A caution does not have to start with a human¶
The author of a Caution is usually the operator who got bitten, but it does not have to be. CORA seeds a drafting agent whose job is to read what happened and propose tribal knowledge: a recurring stall, a recovery that keeps working, a gotcha worth writing down. As an earlier post described, that agent is a principal with its own identity, and what it produces is a Decision, recorded with its reason and the evidence behind it. What it cannot do is make the note binding on its own. The proposal becomes an Active Caution only when a person promotes it, the same identity model applied to a machine: an agent may suggest the folklore, a human decides it counts.
Honest edges¶
The non-blocking stance is the design, not a missing feature, and it is worth being precise about its limits.
A Warning-severity Caution that keeps accumulating evidence is a natural candidate to become a formal safety clearance, the kind that does block. Today that is a hint and nothing more: there is no mechanism that promotes a Caution into a Clearance, and the judgment to formalize a recurring hazard stays a human one, made through the safety workflow from scratch. Cautions also do not yet attach to runs or to samples; the targets are equipment and procedures, because a note about a single short-lived run is rarely actionable and sample-level hazards belong to a different part of the system. And the usual caveat holds: this is a pre-1.0 system grounded in a single deployment, so these are claims about a working model rather than a fleet.

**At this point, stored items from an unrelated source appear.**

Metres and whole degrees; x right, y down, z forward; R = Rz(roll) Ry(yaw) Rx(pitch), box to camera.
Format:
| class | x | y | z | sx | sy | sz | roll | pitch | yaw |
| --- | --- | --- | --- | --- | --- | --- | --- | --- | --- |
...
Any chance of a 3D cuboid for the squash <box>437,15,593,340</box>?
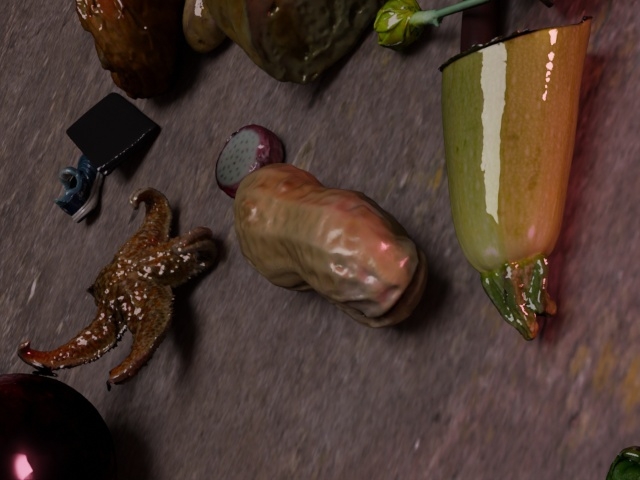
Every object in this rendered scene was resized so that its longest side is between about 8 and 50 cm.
| class | x | y | z | sx | sy | sz | roll | pitch | yaw |
| --- | --- | --- | --- | --- | --- | --- | --- | --- | --- |
| squash | 0.152 | -0.060 | 0.679 | 0.137 | 0.137 | 0.288 | -5 | 68 | 46 |

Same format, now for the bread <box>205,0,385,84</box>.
| class | x | y | z | sx | sy | sz | roll | pitch | yaw |
| --- | --- | --- | --- | --- | --- | --- | --- | --- | --- |
| bread | -0.048 | -0.346 | 1.010 | 0.195 | 0.239 | 0.252 | -19 | 47 | -12 |

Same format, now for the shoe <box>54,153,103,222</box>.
| class | x | y | z | sx | sy | sz | roll | pitch | yaw |
| --- | --- | --- | --- | --- | --- | --- | --- | --- | --- |
| shoe | -0.419 | -0.100 | 1.361 | 0.063 | 0.071 | 0.143 | -28 | 43 | 34 |

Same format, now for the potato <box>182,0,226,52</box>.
| class | x | y | z | sx | sy | sz | roll | pitch | yaw |
| --- | --- | --- | --- | --- | --- | --- | --- | --- | --- |
| potato | -0.173 | -0.381 | 1.241 | 0.107 | 0.079 | 0.171 | 130 | 151 | -65 |

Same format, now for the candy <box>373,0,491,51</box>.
| class | x | y | z | sx | sy | sz | roll | pitch | yaw |
| --- | --- | --- | --- | --- | --- | --- | --- | --- | --- |
| candy | 0.120 | -0.243 | 0.842 | 0.194 | 0.058 | 0.062 | 12 | 94 | 63 |

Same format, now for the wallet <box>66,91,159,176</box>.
| class | x | y | z | sx | sy | sz | roll | pitch | yaw |
| --- | --- | --- | --- | --- | --- | --- | --- | --- | --- |
| wallet | -0.368 | -0.194 | 1.369 | 0.124 | 0.025 | 0.244 | -42 | 37 | -8 |

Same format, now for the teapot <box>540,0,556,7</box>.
| class | x | y | z | sx | sy | sz | roll | pitch | yaw |
| --- | --- | --- | --- | --- | --- | --- | --- | --- | --- |
| teapot | 0.236 | -0.398 | 0.713 | 0.337 | 0.200 | 0.271 | -44 | 54 | 24 |

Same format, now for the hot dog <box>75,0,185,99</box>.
| class | x | y | z | sx | sy | sz | roll | pitch | yaw |
| --- | --- | --- | --- | --- | --- | --- | --- | --- | --- |
| hot dog | -0.297 | -0.426 | 1.301 | 0.267 | 0.174 | 0.388 | 98 | 179 | -68 |

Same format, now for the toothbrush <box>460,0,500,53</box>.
| class | x | y | z | sx | sy | sz | roll | pitch | yaw |
| --- | --- | --- | --- | --- | --- | --- | --- | --- | --- |
| toothbrush | 0.166 | -0.211 | 0.814 | 0.040 | 0.040 | 0.364 | -15 | 59 | 42 |

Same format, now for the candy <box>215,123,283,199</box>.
| class | x | y | z | sx | sy | sz | roll | pitch | yaw |
| --- | --- | --- | --- | --- | --- | --- | --- | --- | --- |
| candy | -0.095 | -0.102 | 1.031 | 0.103 | 0.043 | 0.103 | -25 | 52 | 37 |

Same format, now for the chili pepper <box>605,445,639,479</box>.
| class | x | y | z | sx | sy | sz | roll | pitch | yaw |
| --- | --- | --- | --- | --- | --- | --- | --- | --- | --- |
| chili pepper | 0.183 | 0.212 | 0.536 | 0.279 | 0.065 | 0.122 | -52 | 44 | 19 |

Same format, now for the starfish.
| class | x | y | z | sx | sy | sz | roll | pitch | yaw |
| --- | --- | --- | --- | --- | --- | --- | --- | --- | --- |
| starfish | -0.271 | 0.069 | 1.062 | 0.303 | 0.113 | 0.312 | -53 | 30 | -15 |

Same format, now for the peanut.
| class | x | y | z | sx | sy | sz | roll | pitch | yaw |
| --- | --- | --- | --- | --- | --- | --- | --- | --- | --- |
| peanut | 0.000 | 0.000 | 0.807 | 0.290 | 0.130 | 0.130 | 24 | 88 | 52 |

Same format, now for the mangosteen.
| class | x | y | z | sx | sy | sz | roll | pitch | yaw |
| --- | --- | --- | --- | --- | --- | --- | --- | --- | --- |
| mangosteen | -0.395 | 0.291 | 0.920 | 0.297 | 0.313 | 0.297 | -50 | 20 | 27 |
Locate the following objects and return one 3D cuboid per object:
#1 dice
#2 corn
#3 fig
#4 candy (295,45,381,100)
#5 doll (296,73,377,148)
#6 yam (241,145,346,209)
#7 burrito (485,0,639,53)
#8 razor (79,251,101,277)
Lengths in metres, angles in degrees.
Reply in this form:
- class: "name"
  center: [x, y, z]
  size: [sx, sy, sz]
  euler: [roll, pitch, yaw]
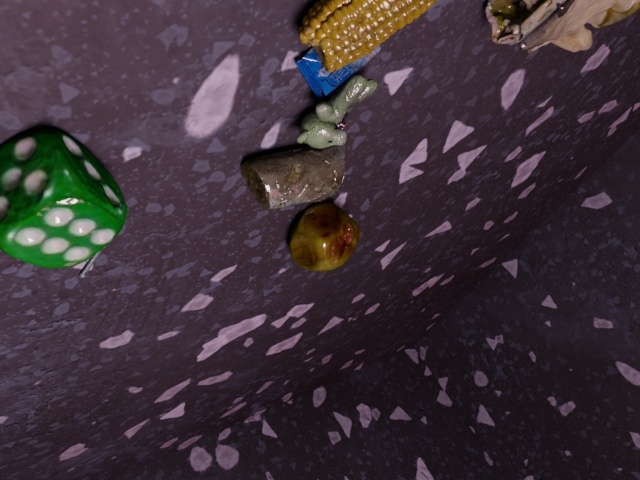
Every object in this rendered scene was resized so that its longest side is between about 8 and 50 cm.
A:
- class: "dice"
  center: [-0.331, -0.047, 0.609]
  size: [0.130, 0.120, 0.128]
  euler: [-33, 155, 1]
- class: "corn"
  center: [0.111, -0.346, 0.640]
  size: [0.317, 0.115, 0.115]
  euler: [-37, 154, 6]
- class: "fig"
  center: [0.000, 0.000, 1.078]
  size: [0.165, 0.144, 0.154]
  euler: [-39, -168, 27]
- class: "candy"
  center: [0.033, -0.282, 0.737]
  size: [0.136, 0.038, 0.088]
  euler: [-39, 142, 4]
- class: "doll"
  center: [0.029, -0.204, 0.795]
  size: [0.150, 0.078, 0.115]
  euler: [-42, 179, 29]
- class: "yam"
  center: [-0.044, -0.112, 0.867]
  size: [0.183, 0.107, 0.107]
  euler: [-15, 148, -29]
- class: "burrito"
  center: [0.444, -0.428, 0.859]
  size: [0.331, 0.135, 0.190]
  euler: [-18, 159, -37]
- class: "razor"
  center: [-0.404, -0.010, 0.697]
  size: [0.084, 0.036, 0.211]
  euler: [-55, 146, 3]
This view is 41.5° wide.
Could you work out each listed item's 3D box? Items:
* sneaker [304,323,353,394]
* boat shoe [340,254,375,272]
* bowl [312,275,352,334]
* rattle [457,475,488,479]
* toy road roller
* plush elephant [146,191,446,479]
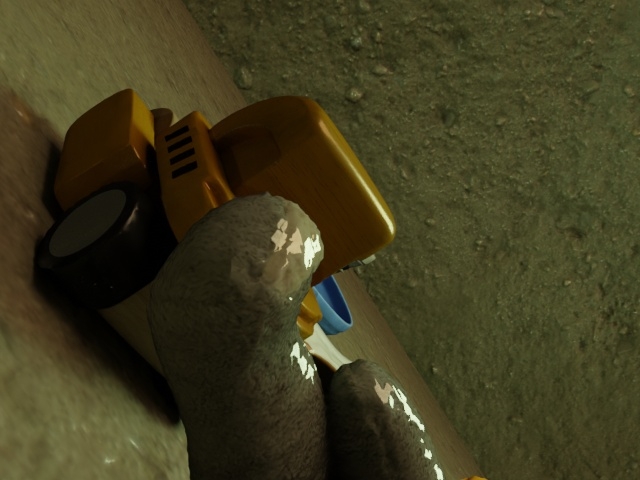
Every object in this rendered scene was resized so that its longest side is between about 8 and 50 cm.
[{"bbox_3d":[0.019,0.214,1.103,0.290,0.106,0.123,44,18,-28],"label":"sneaker"},{"bbox_3d":[0.000,0.000,1.756,0.127,0.158,0.340,67,8,27],"label":"boat shoe"},{"bbox_3d":[-0.078,0.003,1.478,0.391,0.077,0.391,57,5,-8],"label":"bowl"},{"bbox_3d":[0.183,0.383,1.379,0.199,0.143,0.130,62,22,-19],"label":"rattle"},{"bbox_3d":[-0.081,-0.028,0.743,0.202,0.241,0.329,55,6,-32],"label":"toy road roller"},{"bbox_3d":[0.035,0.194,0.315,0.255,0.272,0.330,10,-44,30],"label":"plush elephant"}]

Two ways to be told something¶
Put this beside the previous post and the pair completes a thought. A system of record that is worth trusting has to be able to tell an operator something at the moment of action, and there are exactly two honest ways to do it. One can refuse, and own the weight of refusing, which is the clearance and the interlock. The other can only inform, and must never quietly grow teeth, which is the caution. CORA keeps them in separate modules with a line drawn between them so clearly that you can read it off a missing rung on a severity ladder. The folklore that used to evaporate when the right person was off shift now reaches the console every time, carries its own fix, and stays on the record of the work it accompanied, without ever once standing in the way.